Open jennybc opened 8 years ago
Thank you @jennybc . this is fantastic feedback. I'm going to implement it. Where do you find there fantastic picts? i love the basmati rice picture. i'm going to "steal" it (casually while citing fully :)
Jenny - per the scripting component. that is definitely a very good point to make. However it actually isn't really a part of any of the facets
Would you just put it up front? Or perhaps this is the low level component of automation? So maybe i make automation #2?
thoughts? leah
Basmati rice photo was from a tweet actually. I have a bunch of credits and links associated with that set of slides:
https://github.com/jennybc/happy-git-and-github-for-the-user
The tweet:
Re: scripting. I'd put it up front. You could work it in w/ rewording this (i.e. there needs to be code, not just mouse clicks):
How to Make Work Reproducible
For research to be reproducible, the research products (data, code) need to be publicly available in a form that people can find and understand them.

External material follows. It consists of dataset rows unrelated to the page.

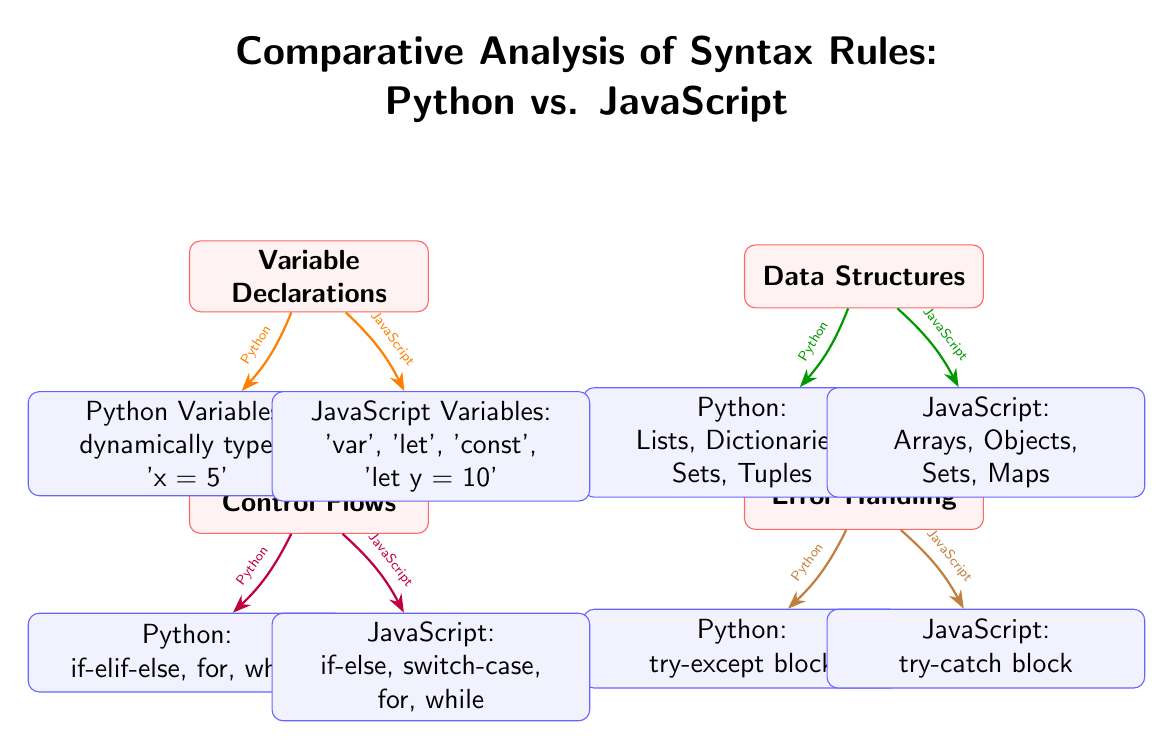What are the types of variable declarations in Python? The diagram indicates that Python uses dynamically typed variables, specifically illustrated by the example 'x = 5'.
Answer: dynamically typed What are the data structures available in JavaScript? According to the diagram, JavaScript has Arrays, Objects, Sets, and Maps as its data structures.
Answer: Arrays, Objects, Sets, Maps Which control flow mechanism is unique to JavaScript? The diagram displays that JavaScript has a switch-case mechanism for control flows, which is not mentioned for Python.
Answer: switch-case How many main topics are compared in this diagram? There are four main topics highlighted in the diagram: Variable Declarations, Data Structures, Control Flows, and Error Handling.
Answer: four What is the primary error handling method in Python? The diagram states that Python uses a try-except block for error handling.
Answer: try-except block What is one of the data structures unique to Python? Looking at the diagram, Python's data structures include Lists, which are unique to it compared to JavaScript.
Answer: Lists How do variable declarations differ fundamentally between Python and JavaScript? The diagram shows that Python uses a single approach (dynamically typed) while JavaScript has multiple methods (var, let, const). This indicates a broader variety in JavaScript's approach.
Answer: multiple methods Which variable declaration keyword is not found in Python? The diagram clearly indicates that the keywords 'var', 'let', and 'const' are specific to JavaScript, signifying that Python does not utilize these keywords.
Answer: var, let, const What type of flow control does Python utilize in addition to if-else statements? The diagram lists for and while as additional control flow constructs that Python uses alongside the if-elif-else structure.
Answer: for, while 
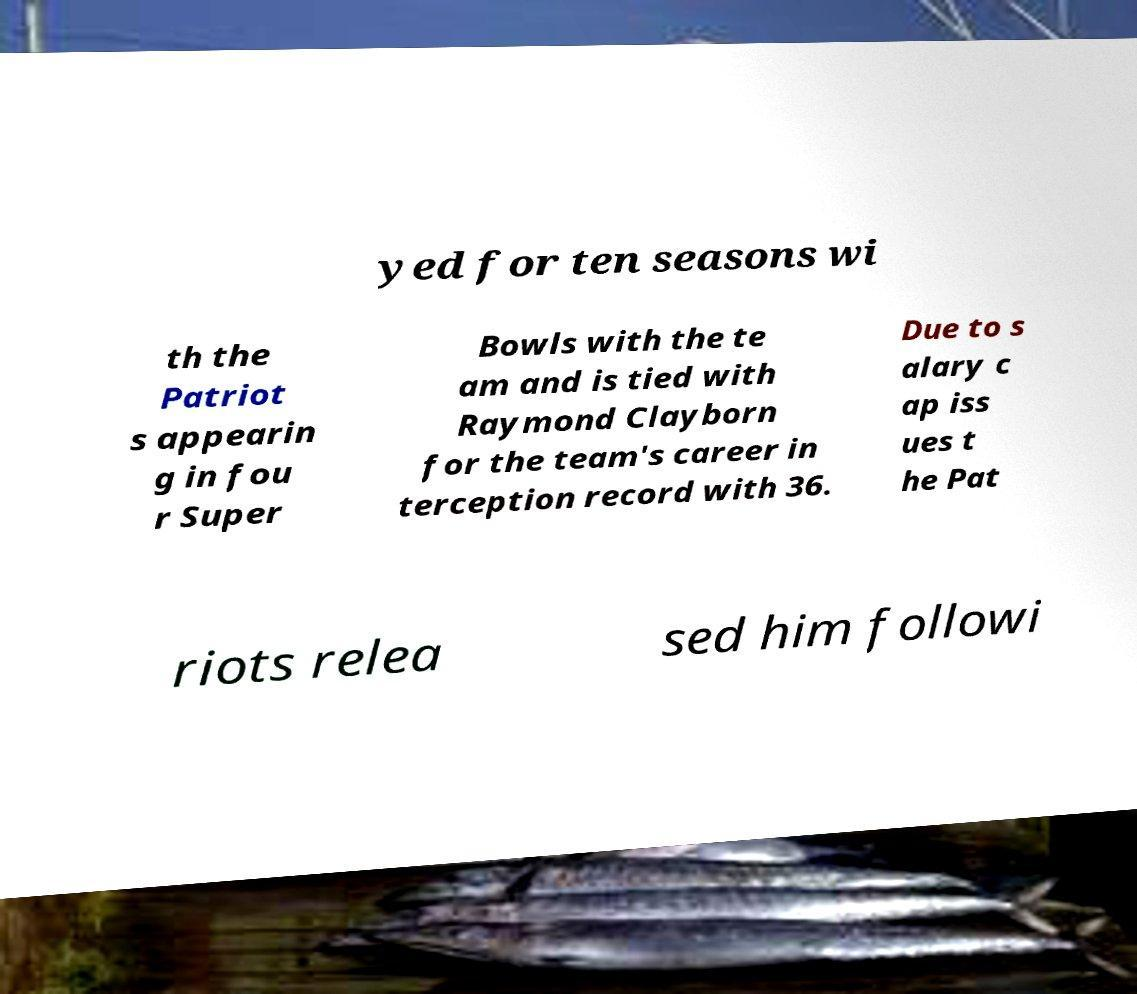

As for the basmati rice (how can we talk about this so much 😁?), I don't interpret is as "random". I assume the container did indeed hold rice, when the person was all excited about their new label maker. But the novelty of labelling everything in the kitchen wore off and someone needed to store cookies and was too lazy to change the label. Which is how elaborate comments and READMEs eventually grow out of sync with the stuff they're supposed to document.
Re:
https://github.com/NEON-WorkWithData/slide-shows/blob/gh-pages/intro-reprod-science.md
Mainly: I think they look great! So take or leave this feedback as you see fit.
You never explicitly say that scripting (coding) is almost an absolute requirement for reproducibility, vs. point-and-click. I guess point-and-click workflows can be reproducible. Sort of? But script everything you can. This is already implied but I'd say it loud and clear.
I am not a big fan of explicit documentation. I think if you can make the thing "explain itself", it is better to not write documentation. This holds for R objects, functions, function arguments, datasets, scripts, directory names, repo names, all of it. Because this lowers the risk of the documentation becoming wrong. The "basmati rice versus cookies" problem: https://speakerdeck.com/jennybc/happy-git-and-github-for-the-user?slide=34. Of course, some documentation must be written! But I think novices underestimate how quickly their enthusiasm for this will evaporate. Be a minimalist and get really good at naming things.
Therefore I would swap the order of topics 1 and 2 to reflect that documentation is plan B, i.e. for things that can't be self-explanatory, through awesome organization and naming. Documentation is also for things that are so important they bear repeating and justify the extra vigilance to keep them up-to-date.